Here's a useful bit of knowledge for you when your chart has a diminished 7th chord in it: did you know there are only three different diminished 7th chords, period? If you look at a piano keyboard, start at any note, count up three half-steps (or on a string, go up three frets). Do that three times, and you have the notes in a diminished 7th chord. Do it once more, and you're back to an octave above where you started. The notes in a dim 7th chord divide a 12-tone scale into four equi-distant intervals. 12/4 = 3. The only difference in a C°7, an Eb°7, a Gb°7 and an A°7th is the root - the note on the bottom of the chord. (Don't know which chord to play? As long as you finger it right, you have a one-in-three shot at getting the right Dim7th chord.)

If this info is helpful to anybody, let me know. 

- Brad Kozak

----------

Alan Lackey, 

albeham, 

Bauble, 

Bigtuna, 

bwnunnally, 

Cecily_Mandoliner, 

christinespots, 

dusty miller, 

John Dough, 

Kay Kirkpatrick, 

Terry Sebastian, 

Werner Jaekel

----------


## groveland

Now that's one useful document!  Really well done, Brad.

----------


## jcrouse

When I went to college, something clicked for me during my second semester of music theory. I'll describe it here to see if it helps. It's just a different way to think of the circle of fifths.

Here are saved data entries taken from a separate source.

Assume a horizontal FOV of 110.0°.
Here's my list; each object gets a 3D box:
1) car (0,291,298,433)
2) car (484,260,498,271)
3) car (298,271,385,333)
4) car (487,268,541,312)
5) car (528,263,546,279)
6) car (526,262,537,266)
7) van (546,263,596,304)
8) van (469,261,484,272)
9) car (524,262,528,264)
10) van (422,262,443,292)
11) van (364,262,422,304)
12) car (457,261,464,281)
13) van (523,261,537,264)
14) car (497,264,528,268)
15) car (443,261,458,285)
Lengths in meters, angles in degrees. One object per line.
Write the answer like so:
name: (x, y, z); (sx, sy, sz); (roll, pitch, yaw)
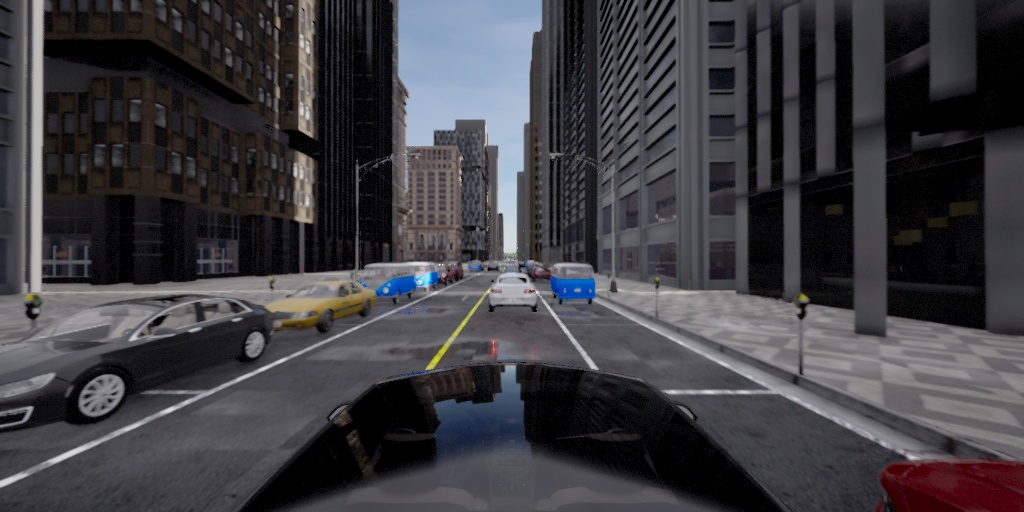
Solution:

First I learned the phrase "Frank Can Get Drunk At Every Bar" this gave me:

FCGDAEB

If you look at the C as having no sharps or flats, then you can go forward (to the right) through the key signatures (from C to C#) as such:
C - No Sharps
G - One Sharp
D - Two Sharps
A - Three Sharps
E - Four Sharps
B - Five Sharps
F# - Six Sharps
C# - Seven Sharps


Then you can go to the "left" for flats
C - No Flats
F - One Flat
Bb - Two Flats
Eb - Three Flats
Ab - Four Flats
Db - Five Flats
Gb - Six Flats
I can't remember the deal for Cb, maybe not possible, or just always done as B

The order of the sharps is the same as the original phrase: FCGDAEB, the order of the flats is the phrase in reverse: BEADGCF

This has always stuck with me for some reason, probably because the phrase is easier for me to remember than the visual picture of the circle of fifths. As long as I always wrote FCGDAEB at the top of my test, I could work it all out. Whatever it takes to remember.

Just my two.

JC

----------

Bigtuna

----------


## JeffD

Really good. Good explanation. I printed it out and put it in my theory notebook. (I print several of the threads we have here on the cafe having to do with music theory, the ones deserving of later study, and I put them with some other notes I have taken in a binder.)


I found this book to be very useful:

http://www.chordwheel.com/ 

and it has a circle of fifths slide rule on the front which is really kind of neat.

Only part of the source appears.